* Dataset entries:
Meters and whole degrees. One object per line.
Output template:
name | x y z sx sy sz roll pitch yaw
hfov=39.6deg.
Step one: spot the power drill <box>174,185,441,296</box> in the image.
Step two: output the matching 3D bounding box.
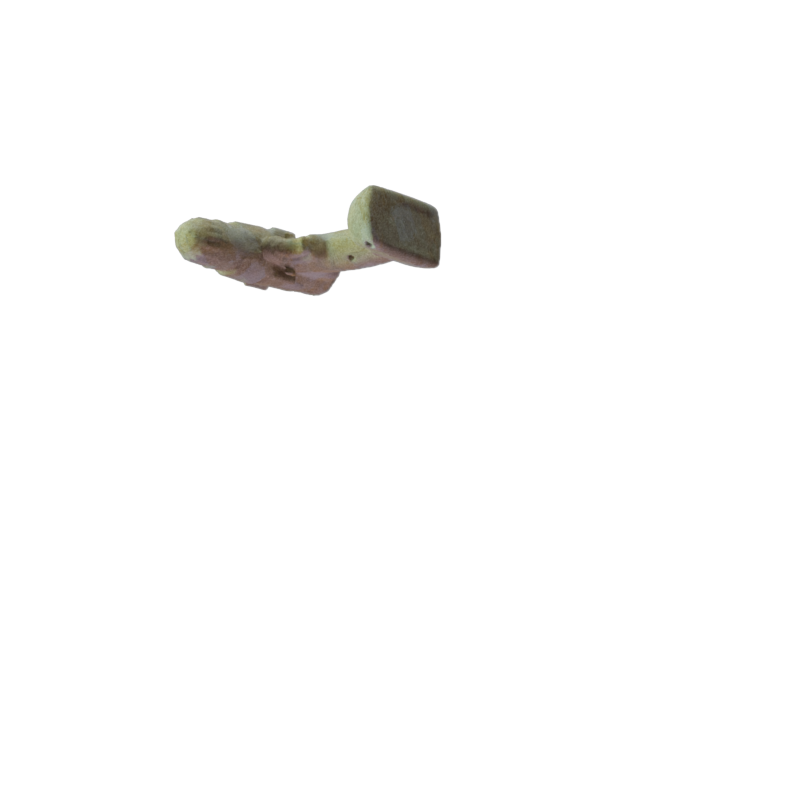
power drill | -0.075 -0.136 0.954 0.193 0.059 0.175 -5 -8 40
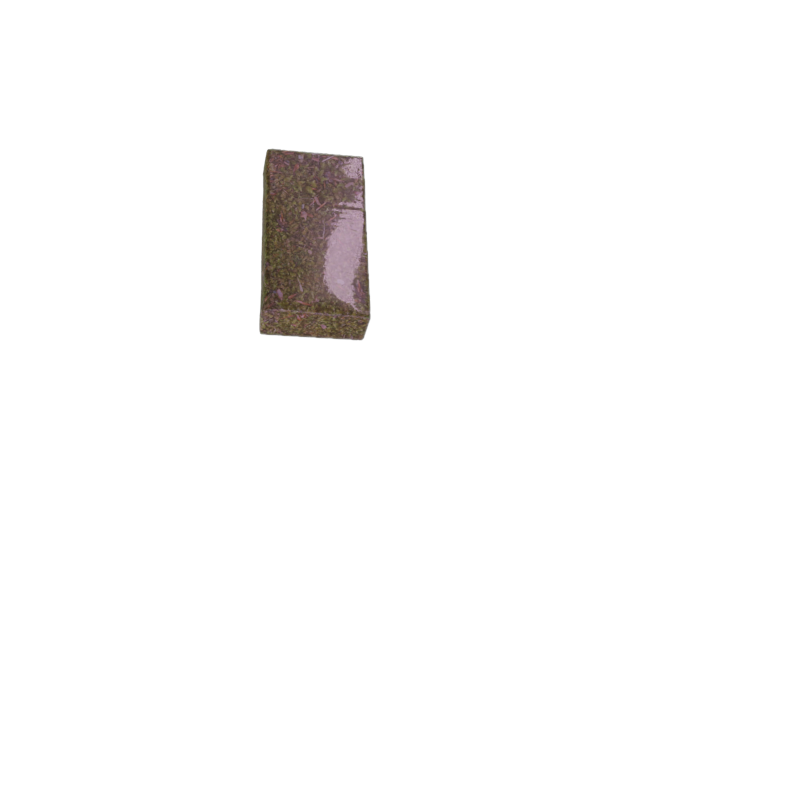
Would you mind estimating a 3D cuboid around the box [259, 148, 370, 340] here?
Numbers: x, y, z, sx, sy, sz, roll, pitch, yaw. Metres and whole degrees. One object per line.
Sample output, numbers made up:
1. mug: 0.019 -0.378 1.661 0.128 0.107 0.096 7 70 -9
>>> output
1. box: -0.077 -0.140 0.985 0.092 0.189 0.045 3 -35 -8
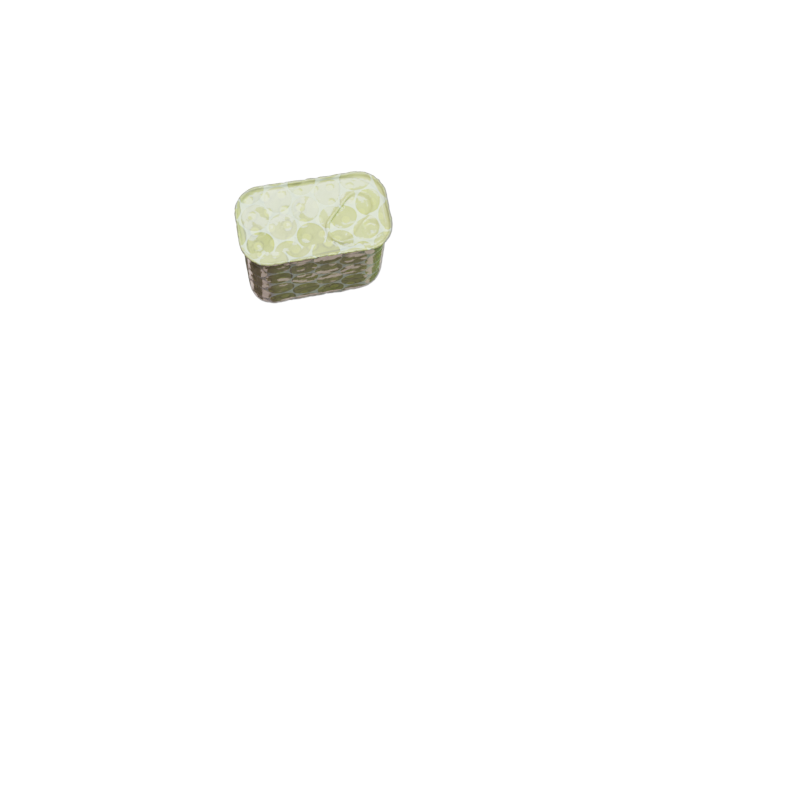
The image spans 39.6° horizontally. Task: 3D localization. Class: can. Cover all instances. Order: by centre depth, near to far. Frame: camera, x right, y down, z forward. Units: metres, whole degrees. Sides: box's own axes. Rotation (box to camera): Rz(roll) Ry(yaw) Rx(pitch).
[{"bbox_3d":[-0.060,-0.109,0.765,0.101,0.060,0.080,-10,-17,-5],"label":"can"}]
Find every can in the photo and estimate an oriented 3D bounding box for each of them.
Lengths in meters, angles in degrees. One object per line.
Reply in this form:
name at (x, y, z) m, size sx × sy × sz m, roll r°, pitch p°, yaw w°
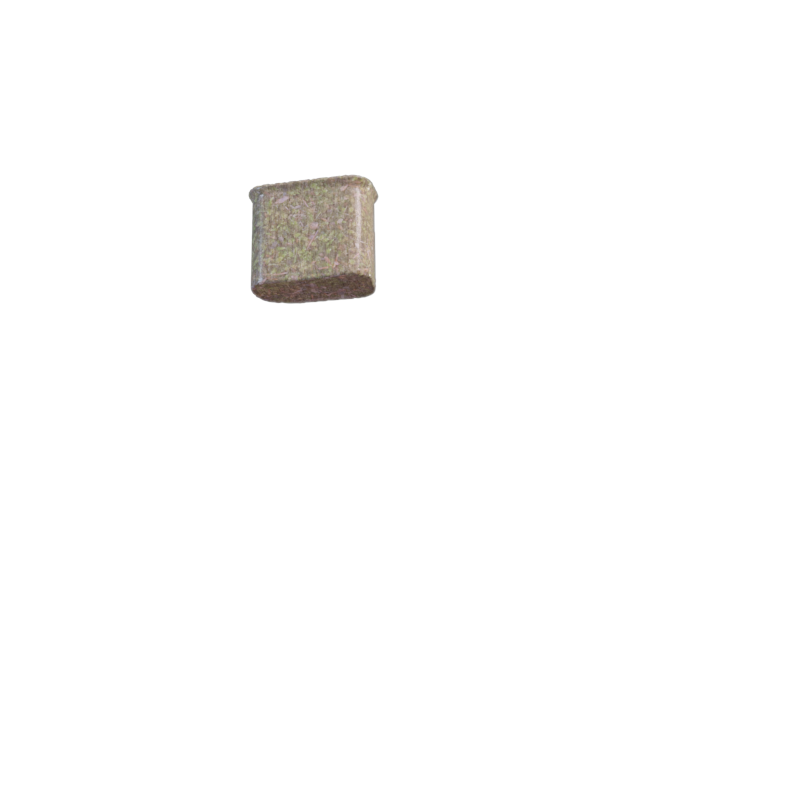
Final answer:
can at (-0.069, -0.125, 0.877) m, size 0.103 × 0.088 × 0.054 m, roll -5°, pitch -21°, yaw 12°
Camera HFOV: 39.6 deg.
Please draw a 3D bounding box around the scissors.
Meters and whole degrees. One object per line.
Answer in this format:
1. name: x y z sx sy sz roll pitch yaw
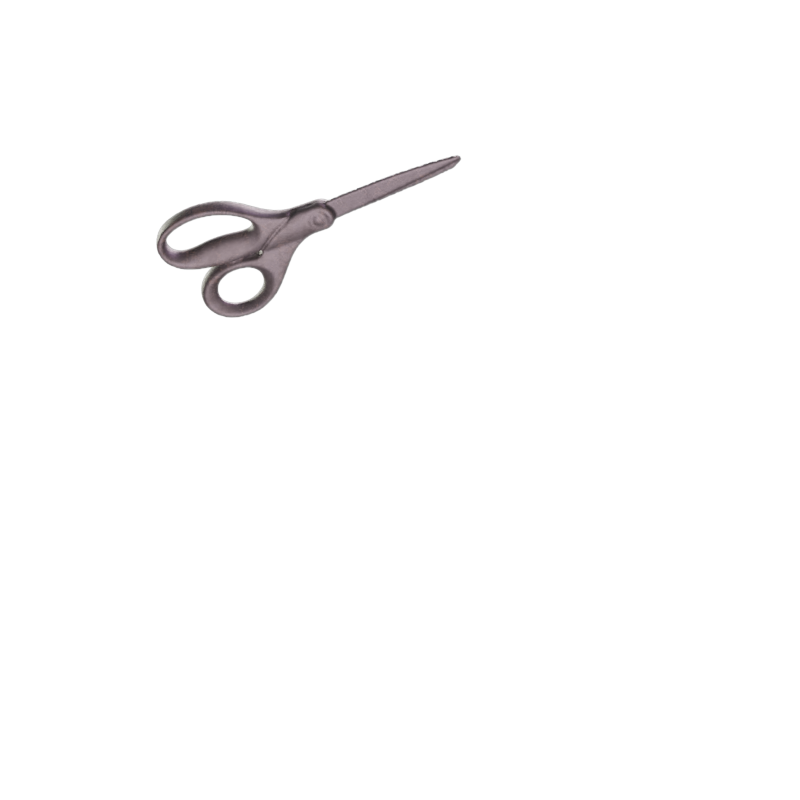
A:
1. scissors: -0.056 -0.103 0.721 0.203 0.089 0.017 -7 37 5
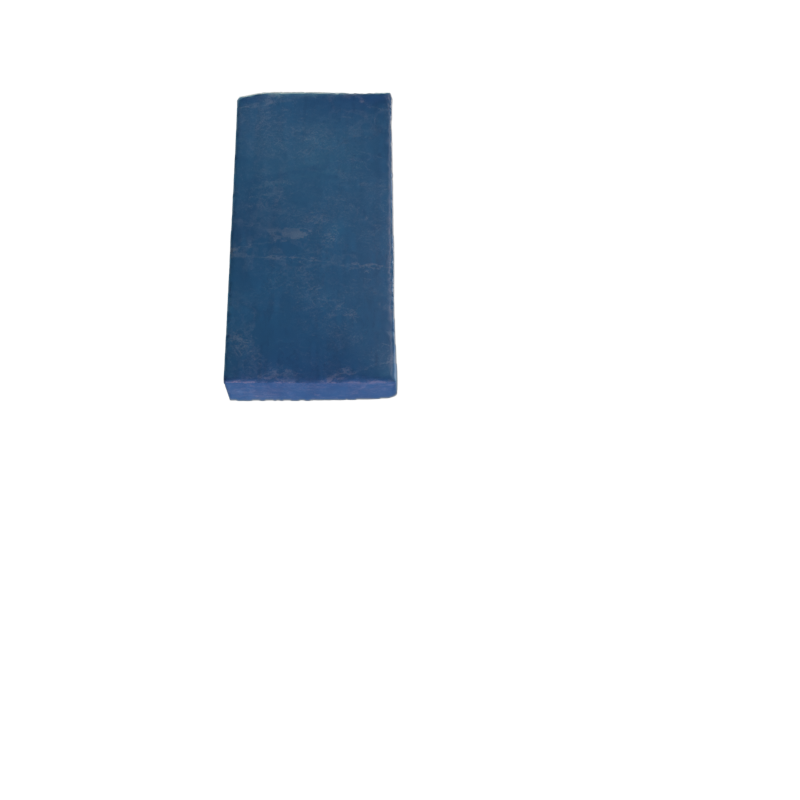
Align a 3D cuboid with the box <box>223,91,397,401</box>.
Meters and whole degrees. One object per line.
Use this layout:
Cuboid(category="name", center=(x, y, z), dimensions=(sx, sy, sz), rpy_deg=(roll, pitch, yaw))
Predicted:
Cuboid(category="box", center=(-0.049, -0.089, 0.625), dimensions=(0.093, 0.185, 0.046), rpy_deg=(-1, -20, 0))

* Directions:
Once the pictures are set aside, the remaining data must be transcribed exactly.

* Solution:
Meters and whole degrees. One object per line.
Output template:
name | x y z sx sy sz roll pitch yaw
hfov=39.6deg.
Step one: spot the power drill <box>174,185,441,296</box> in the image.
Step two: output the matching 3D bounding box.
power drill | -0.075 -0.136 0.954 0.193 0.059 0.175 -5 -8 40
Would you mind estimating a 3D cuboid around the box [259, 148, 370, 340] here?
Numbers: x, y, z, sx, sy, sz, roll, pitch, yaw. Metres and whole degrees. One object per line.
Sample output, numbers made up:
1. mug: 0.019 -0.378 1.661 0.128 0.107 0.096 7 70 -9
>>> output
1. box: -0.077 -0.140 0.985 0.092 0.189 0.045 3 -35 -8
The image spans 39.6° horizontally. Task: 3D localization. Class: can. Cover all instances. Order: by centre depth, near to far. Frame: camera, x right, y down, z forward. Units: metres, whole degrees. Sides: box's own axes. Rotation (box to camera): Rz(roll) Ry(yaw) Rx(pitch).
[{"bbox_3d":[-0.060,-0.109,0.765,0.101,0.060,0.080,-10,-17,-5],"label":"can"}]
Find every can in the photo and estimate an oriented 3D bounding box for each of them.
Lengths in meters, angles in degrees. One object per line.
Reply in this form:
name at (x, y, z) m, size sx × sy × sz m, roll r°, pitch p°, yaw w°
Final answer:
can at (-0.069, -0.125, 0.877) m, size 0.103 × 0.088 × 0.054 m, roll -5°, pitch -21°, yaw 12°
Camera HFOV: 39.6 deg.
Please draw a 3D bounding box around the scissors.
Meters and whole degrees. One object per line.
Answer in this format:
1. name: x y z sx sy sz roll pitch yaw
A:
1. scissors: -0.056 -0.103 0.721 0.203 0.089 0.017 -7 37 5
Align a 3D cuboid with the box <box>223,91,397,401</box>.
Meters and whole degrees. One object per line.
Use this layout:
Cuboid(category="name", center=(x, y, z), dimensions=(sx, sy, sz), rpy_deg=(roll, pitch, yaw))
Predicted:
Cuboid(category="box", center=(-0.049, -0.089, 0.625), dimensions=(0.093, 0.185, 0.046), rpy_deg=(-1, -20, 0))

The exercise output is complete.